# INSTRUCTIONS TO FOLLOW
If a line in the entries contains the word "modulename", list it.

*** Block opens ***

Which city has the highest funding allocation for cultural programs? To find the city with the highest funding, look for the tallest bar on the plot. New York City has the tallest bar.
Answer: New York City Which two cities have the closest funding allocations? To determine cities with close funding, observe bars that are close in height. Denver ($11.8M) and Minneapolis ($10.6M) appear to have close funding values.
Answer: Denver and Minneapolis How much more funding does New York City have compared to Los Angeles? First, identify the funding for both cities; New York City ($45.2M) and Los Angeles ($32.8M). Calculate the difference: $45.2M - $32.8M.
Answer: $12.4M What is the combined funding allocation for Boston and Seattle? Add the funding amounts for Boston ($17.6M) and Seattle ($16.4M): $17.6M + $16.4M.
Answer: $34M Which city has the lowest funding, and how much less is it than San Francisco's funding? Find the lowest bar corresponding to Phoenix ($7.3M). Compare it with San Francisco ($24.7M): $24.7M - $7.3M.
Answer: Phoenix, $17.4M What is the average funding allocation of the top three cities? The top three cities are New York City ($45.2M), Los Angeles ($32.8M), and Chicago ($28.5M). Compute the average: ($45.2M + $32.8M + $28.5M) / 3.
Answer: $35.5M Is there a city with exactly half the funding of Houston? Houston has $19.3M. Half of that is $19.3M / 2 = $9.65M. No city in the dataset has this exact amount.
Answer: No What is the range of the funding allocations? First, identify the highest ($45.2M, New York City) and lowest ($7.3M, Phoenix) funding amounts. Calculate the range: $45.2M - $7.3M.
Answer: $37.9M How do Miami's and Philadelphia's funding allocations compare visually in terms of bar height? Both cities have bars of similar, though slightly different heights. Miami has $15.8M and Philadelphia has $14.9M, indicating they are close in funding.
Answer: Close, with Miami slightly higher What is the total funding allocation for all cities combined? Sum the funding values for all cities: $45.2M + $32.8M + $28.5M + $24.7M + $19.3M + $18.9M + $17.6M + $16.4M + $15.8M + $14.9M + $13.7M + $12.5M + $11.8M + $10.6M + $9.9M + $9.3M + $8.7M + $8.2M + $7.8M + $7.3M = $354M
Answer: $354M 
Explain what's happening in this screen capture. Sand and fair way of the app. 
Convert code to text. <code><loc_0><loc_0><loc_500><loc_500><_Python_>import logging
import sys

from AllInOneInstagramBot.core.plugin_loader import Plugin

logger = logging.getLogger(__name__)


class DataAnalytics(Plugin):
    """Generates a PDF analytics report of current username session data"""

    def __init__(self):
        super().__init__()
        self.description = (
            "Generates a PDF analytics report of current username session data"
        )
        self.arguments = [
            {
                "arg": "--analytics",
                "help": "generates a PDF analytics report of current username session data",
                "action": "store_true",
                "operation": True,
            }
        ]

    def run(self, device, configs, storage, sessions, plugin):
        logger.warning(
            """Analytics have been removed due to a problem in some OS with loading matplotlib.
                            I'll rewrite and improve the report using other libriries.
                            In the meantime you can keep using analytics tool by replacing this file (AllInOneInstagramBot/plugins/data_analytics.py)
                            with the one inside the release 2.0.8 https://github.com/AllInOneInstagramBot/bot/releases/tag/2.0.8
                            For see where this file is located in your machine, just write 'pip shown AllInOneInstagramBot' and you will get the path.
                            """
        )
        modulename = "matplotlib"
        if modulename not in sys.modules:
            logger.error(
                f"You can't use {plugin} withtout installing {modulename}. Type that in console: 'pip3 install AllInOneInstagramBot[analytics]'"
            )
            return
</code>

*** Block closes ***

# RESPONSE BELOW
        modulename = "matplotlib"
        if modulename not in sys.modules:
                f"You can't use {plugin} withtout installing {modulename}. Type that in console: 'pip3 install AllInOneInstagramBot[analytics]'"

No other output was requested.